● Your instructions
Your reply should hold every entry below exactly as written and none of the pictures.

(Records from a data collection)
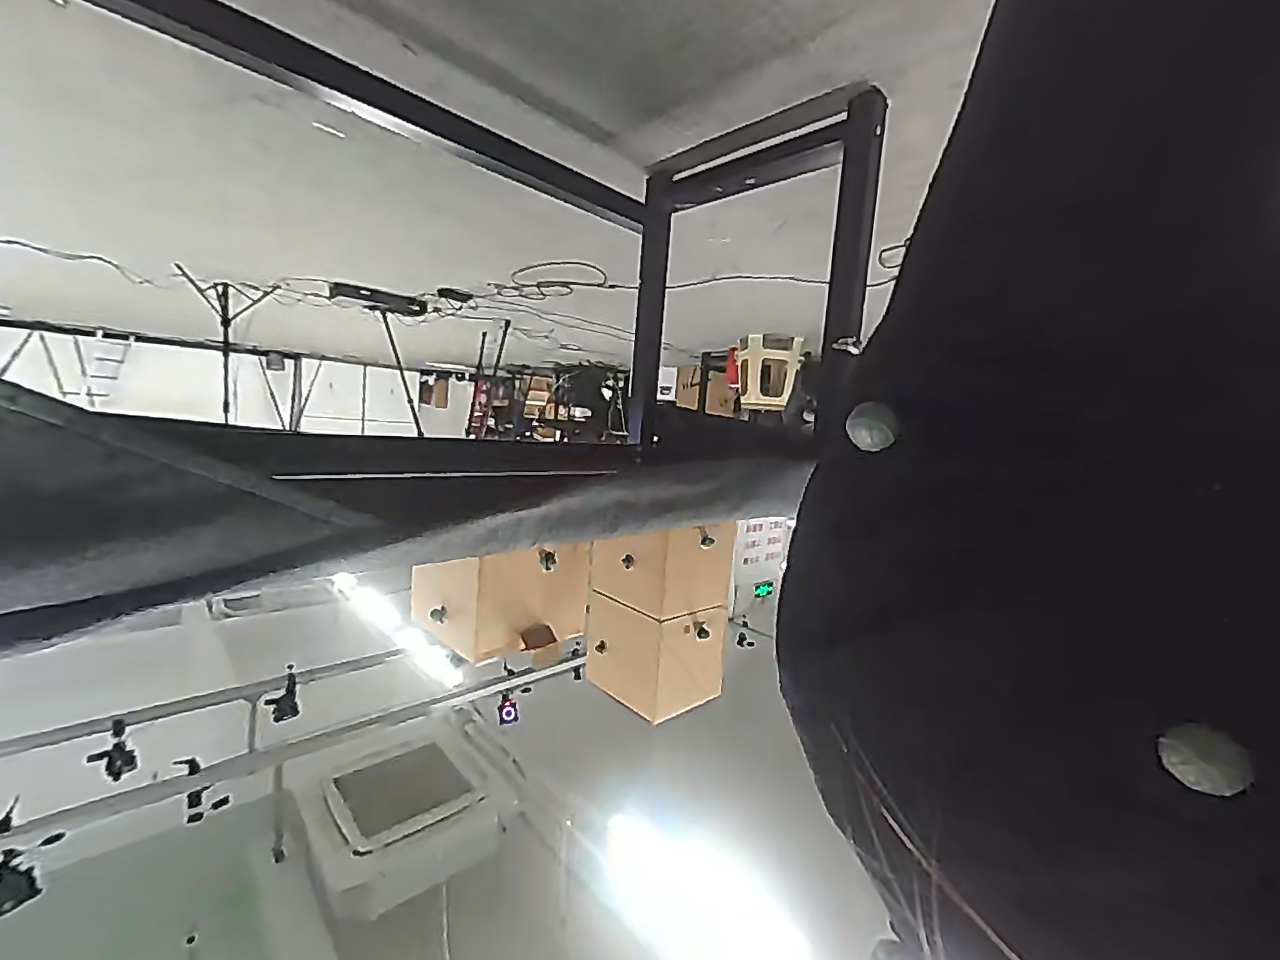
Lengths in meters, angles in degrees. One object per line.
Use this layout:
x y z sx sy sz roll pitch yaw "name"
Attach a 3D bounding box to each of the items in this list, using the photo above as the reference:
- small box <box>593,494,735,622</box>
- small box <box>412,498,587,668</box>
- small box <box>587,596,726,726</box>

● Answer box
Lengths in meters, angles in degrees. One object per line.
Use this layout:
x y z sx sy sz roll pitch yaw "name"
Attach a 3D bounding box to each of the items in this list, using the photo above as the reference:
- small box <box>593,494,735,622</box>
- small box <box>412,498,587,668</box>
- small box <box>587,596,726,726</box>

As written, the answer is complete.